**Exercise instructions**
Starting at the line that contains "For the rug", return every line through the end of the data exactly, without pictures.

START Dataset excerpts

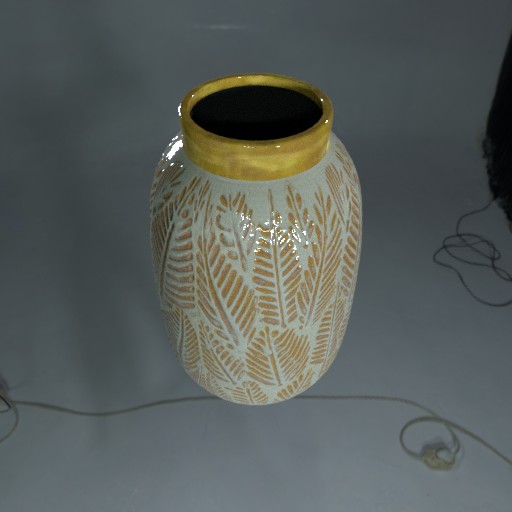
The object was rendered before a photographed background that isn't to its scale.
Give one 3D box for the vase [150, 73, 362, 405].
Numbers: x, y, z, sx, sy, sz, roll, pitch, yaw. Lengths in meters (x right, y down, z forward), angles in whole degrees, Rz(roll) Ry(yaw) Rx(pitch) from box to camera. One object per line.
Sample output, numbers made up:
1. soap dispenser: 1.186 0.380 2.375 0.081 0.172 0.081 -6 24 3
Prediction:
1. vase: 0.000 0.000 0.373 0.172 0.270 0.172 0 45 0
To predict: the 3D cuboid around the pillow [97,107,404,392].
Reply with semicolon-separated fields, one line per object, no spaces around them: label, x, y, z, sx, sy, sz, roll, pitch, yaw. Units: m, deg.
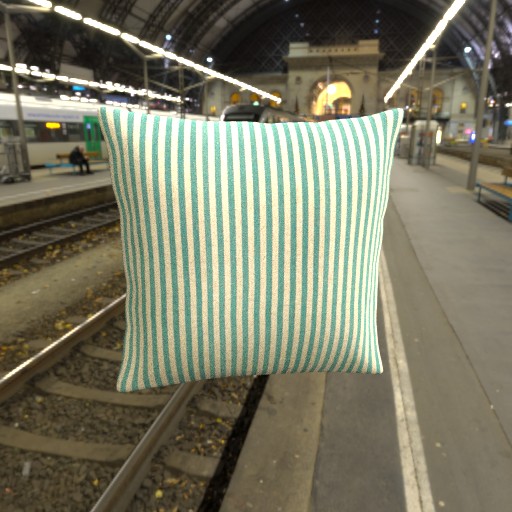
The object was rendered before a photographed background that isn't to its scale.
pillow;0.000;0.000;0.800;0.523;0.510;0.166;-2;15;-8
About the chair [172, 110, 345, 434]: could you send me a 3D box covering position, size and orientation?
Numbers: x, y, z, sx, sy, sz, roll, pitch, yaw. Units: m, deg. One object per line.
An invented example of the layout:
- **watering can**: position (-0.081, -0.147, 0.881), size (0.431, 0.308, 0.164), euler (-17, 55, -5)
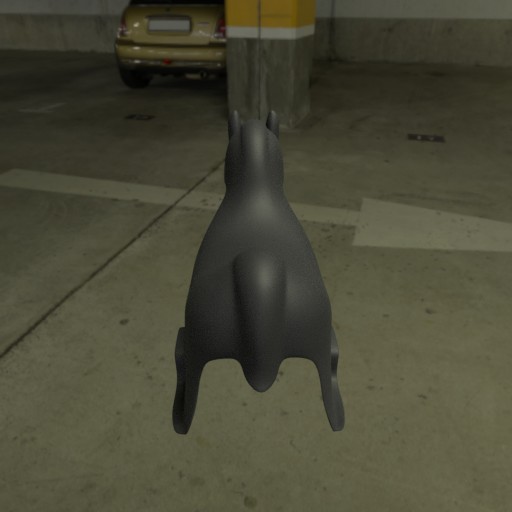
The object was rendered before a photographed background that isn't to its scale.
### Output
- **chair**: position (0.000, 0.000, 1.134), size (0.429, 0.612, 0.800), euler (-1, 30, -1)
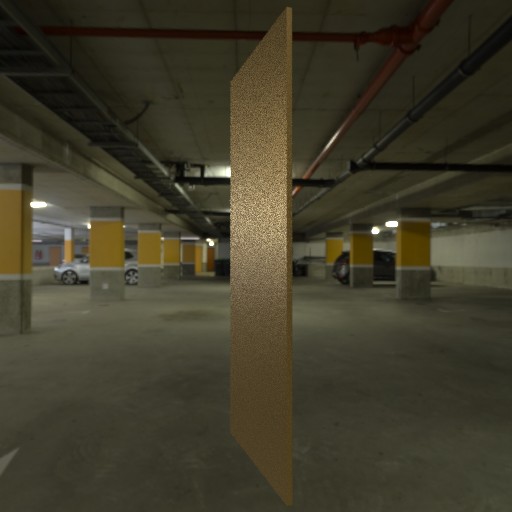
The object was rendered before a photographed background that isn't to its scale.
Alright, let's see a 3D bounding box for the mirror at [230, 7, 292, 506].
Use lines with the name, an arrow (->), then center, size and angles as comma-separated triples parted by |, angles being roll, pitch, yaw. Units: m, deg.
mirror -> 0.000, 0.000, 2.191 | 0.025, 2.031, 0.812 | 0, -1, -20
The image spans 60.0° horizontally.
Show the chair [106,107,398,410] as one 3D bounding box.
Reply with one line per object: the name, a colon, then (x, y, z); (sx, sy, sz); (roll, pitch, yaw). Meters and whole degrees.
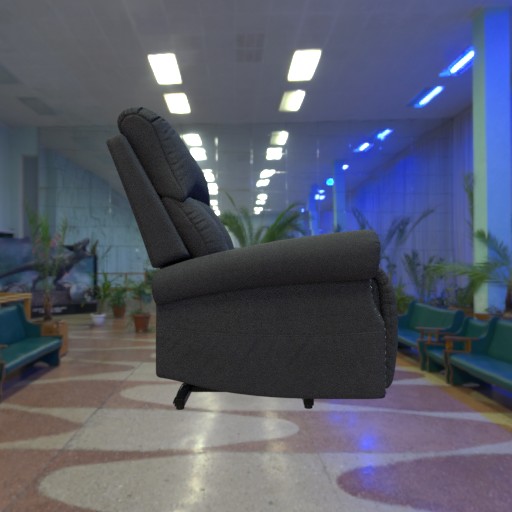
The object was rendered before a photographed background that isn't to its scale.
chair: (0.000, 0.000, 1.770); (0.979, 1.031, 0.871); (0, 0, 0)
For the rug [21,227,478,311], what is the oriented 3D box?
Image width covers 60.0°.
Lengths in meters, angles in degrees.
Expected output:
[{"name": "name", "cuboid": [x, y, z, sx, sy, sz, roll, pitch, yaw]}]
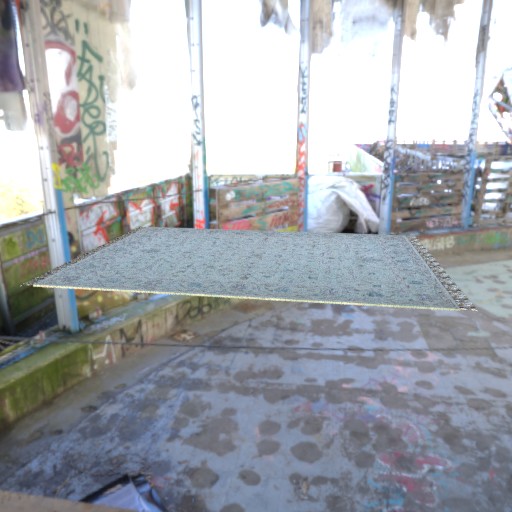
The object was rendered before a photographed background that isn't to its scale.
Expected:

END Dataset excerpts

**Solution for this problem**
For the rug [21,227,478,311], what is the oriented 3D box?
Image width covers 60.0°.
Lengths in meters, angles in degrees.
Expected output:
[{"name": "name", "cuboid": [x, y, z, sx, sy, sz, roll, pitch, yaw]}]
The object was rendered before a photographed background that isn't to its scale.
Expected:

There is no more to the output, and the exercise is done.